As shown in the figure, data is by default located in the /var/lib/lgraph/data directory. Within this path, each directory named with a long string represents the data storage location of a specific graph project. By entering one of these directories, you can find the data.mdb file, which stores the specific models and data for that graph project.The data storage directory for graph projects currently does not support naming by project names, so different projects can be distinguished by their creation time.
Execute the following statement in the graph query of any graph project to perform the migration:
CALL db.importor.fullFileImportor("${newGraphName}","data.mdb",false)
Parameter Description:
- The first parameter is the name of the new subgraph.
- The second parameter is the absolute file path of the graph project to be migrated on the server. For path details, please refer to the "TuGraph Data Directory Description".
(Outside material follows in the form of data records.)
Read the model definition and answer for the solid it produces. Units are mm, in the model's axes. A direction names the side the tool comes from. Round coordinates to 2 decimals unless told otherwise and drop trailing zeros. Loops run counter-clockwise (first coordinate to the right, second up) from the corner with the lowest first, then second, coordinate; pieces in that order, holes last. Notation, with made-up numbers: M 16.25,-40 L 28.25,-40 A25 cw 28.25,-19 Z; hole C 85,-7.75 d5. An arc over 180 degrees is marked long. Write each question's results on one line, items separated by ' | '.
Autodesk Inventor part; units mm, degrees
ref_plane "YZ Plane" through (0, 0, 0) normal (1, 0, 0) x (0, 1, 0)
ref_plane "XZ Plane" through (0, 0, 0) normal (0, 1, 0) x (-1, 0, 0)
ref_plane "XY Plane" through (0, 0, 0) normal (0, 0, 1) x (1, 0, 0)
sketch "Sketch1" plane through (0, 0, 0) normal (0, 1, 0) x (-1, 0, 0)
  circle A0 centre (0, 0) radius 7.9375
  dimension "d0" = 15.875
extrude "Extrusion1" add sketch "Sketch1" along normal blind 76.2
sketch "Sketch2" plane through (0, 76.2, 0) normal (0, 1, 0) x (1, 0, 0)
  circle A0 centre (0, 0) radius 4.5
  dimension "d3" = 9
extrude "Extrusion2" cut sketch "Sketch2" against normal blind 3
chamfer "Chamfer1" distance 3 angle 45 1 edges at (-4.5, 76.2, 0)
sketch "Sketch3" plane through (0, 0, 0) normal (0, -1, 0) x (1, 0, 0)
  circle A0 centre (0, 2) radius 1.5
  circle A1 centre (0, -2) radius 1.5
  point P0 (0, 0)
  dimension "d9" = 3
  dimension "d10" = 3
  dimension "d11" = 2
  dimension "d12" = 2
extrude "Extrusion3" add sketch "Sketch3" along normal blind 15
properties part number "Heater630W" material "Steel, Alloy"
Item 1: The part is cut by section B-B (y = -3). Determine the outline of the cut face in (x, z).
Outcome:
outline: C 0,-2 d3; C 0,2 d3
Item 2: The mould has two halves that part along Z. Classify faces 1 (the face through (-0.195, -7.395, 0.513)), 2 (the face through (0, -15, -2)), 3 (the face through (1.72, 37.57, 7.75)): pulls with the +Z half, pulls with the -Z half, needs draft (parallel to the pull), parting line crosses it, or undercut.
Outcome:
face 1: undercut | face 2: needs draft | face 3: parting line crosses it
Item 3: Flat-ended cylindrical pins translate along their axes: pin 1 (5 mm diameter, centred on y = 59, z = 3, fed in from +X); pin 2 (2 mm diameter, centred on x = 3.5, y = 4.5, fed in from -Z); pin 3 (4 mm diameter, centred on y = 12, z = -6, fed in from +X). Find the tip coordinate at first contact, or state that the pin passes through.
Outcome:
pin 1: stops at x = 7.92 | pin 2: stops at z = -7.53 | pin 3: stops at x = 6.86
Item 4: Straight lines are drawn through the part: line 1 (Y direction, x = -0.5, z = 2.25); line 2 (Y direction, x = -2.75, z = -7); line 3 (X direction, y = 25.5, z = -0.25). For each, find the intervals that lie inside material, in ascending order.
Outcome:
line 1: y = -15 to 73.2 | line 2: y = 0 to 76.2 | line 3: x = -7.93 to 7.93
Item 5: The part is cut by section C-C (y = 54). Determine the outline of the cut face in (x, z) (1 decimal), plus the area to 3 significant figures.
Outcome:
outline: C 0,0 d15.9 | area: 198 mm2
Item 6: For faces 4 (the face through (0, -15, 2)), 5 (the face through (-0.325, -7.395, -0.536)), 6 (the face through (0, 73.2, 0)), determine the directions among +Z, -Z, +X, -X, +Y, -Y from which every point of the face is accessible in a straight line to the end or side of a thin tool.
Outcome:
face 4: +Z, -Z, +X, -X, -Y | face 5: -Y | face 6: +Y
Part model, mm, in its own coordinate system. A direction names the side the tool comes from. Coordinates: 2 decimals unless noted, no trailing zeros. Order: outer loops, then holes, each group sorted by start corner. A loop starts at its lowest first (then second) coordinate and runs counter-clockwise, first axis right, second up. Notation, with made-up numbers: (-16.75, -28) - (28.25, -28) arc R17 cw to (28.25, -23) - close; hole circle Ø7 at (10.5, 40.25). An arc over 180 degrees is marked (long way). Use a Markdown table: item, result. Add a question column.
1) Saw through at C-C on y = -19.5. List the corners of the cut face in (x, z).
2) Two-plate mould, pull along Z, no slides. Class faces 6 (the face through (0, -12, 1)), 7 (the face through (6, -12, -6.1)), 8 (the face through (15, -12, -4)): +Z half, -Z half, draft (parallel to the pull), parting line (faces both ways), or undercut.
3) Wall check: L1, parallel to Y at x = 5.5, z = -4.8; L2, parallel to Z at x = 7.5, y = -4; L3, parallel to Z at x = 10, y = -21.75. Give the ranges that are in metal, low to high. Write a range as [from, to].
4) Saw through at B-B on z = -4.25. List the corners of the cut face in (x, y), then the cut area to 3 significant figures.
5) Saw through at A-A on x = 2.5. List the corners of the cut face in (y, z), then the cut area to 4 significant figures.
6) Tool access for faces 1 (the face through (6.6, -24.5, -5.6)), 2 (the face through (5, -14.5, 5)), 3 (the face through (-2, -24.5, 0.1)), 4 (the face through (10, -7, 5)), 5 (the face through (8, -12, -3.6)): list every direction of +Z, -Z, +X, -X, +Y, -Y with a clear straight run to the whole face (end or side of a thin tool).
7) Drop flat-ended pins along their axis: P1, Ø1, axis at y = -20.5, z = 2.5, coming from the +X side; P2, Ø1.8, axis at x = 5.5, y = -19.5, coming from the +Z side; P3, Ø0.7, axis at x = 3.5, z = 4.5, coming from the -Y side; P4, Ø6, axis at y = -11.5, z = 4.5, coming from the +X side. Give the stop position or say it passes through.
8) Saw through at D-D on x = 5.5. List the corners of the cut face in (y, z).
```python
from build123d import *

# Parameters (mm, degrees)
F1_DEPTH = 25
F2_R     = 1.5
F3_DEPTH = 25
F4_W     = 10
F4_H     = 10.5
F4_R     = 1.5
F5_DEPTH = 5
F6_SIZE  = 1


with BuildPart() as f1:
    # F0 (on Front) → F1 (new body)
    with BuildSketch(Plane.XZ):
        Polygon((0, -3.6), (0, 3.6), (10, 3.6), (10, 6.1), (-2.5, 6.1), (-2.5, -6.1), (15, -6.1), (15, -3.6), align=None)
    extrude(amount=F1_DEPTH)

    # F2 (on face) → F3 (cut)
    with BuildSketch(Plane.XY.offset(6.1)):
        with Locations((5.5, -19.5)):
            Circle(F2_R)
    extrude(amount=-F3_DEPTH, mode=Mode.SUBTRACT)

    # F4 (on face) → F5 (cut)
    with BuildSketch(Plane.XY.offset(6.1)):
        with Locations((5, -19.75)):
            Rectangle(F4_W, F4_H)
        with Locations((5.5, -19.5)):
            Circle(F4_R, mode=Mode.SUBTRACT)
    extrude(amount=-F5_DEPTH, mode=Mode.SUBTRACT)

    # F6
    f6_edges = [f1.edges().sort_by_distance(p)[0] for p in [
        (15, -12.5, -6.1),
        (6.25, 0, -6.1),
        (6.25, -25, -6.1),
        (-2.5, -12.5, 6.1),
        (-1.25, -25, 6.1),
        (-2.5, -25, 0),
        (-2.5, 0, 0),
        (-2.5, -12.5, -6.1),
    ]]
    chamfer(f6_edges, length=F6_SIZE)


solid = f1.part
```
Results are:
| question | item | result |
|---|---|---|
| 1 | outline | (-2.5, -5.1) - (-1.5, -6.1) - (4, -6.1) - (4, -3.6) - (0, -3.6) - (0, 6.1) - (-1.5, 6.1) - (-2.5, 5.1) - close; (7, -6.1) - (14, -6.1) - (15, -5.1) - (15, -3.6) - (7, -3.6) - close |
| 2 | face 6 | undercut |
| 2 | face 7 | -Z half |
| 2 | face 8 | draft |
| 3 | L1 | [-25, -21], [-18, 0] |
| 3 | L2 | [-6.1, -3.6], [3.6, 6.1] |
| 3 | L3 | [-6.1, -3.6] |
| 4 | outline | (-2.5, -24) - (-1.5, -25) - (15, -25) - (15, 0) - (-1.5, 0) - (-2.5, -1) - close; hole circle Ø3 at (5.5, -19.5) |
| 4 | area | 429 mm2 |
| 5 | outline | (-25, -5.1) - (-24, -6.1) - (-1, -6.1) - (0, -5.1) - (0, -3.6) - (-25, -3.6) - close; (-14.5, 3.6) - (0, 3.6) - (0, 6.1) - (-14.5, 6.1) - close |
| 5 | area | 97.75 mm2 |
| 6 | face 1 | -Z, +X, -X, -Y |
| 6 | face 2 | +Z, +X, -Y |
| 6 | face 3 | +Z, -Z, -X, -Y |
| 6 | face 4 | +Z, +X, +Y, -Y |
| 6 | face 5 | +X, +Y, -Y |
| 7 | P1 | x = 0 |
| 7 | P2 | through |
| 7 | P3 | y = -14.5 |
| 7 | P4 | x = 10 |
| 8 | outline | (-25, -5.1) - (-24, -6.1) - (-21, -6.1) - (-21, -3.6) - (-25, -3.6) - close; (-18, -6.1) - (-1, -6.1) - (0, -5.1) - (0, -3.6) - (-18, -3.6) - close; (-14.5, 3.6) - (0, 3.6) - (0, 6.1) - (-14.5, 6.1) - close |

- The third parameter specifies whether the file is a remote file. If it is a local file on the server, set this parameter to false or leave it unset.
Note: If the name of the new subgraph specified in the first parameter already exists in an existing graph project, the original subgraph data will be overwritten by the migrated data. If the subgraph does not exist, a new subgraph will be created. It is advisable to avoid using duplicate names to prevent data loss due to overwriting.
Example:
CALL db.importor.fullFileImportor("test","/var/lib/lgraph/data/9DF16A038435BBAAE36E53D1E09DED17/data.mdb",false)
Execute the migration statement within the graph query of any graph project.
After executing the migration statement, check the new subgraph.
To achieve cross-TuGraph service data migration, you can first copy the target data directory to the current TuGraph server. By executing the aforementioned migration steps, you can perform seamless data and model migration while the service remains operational.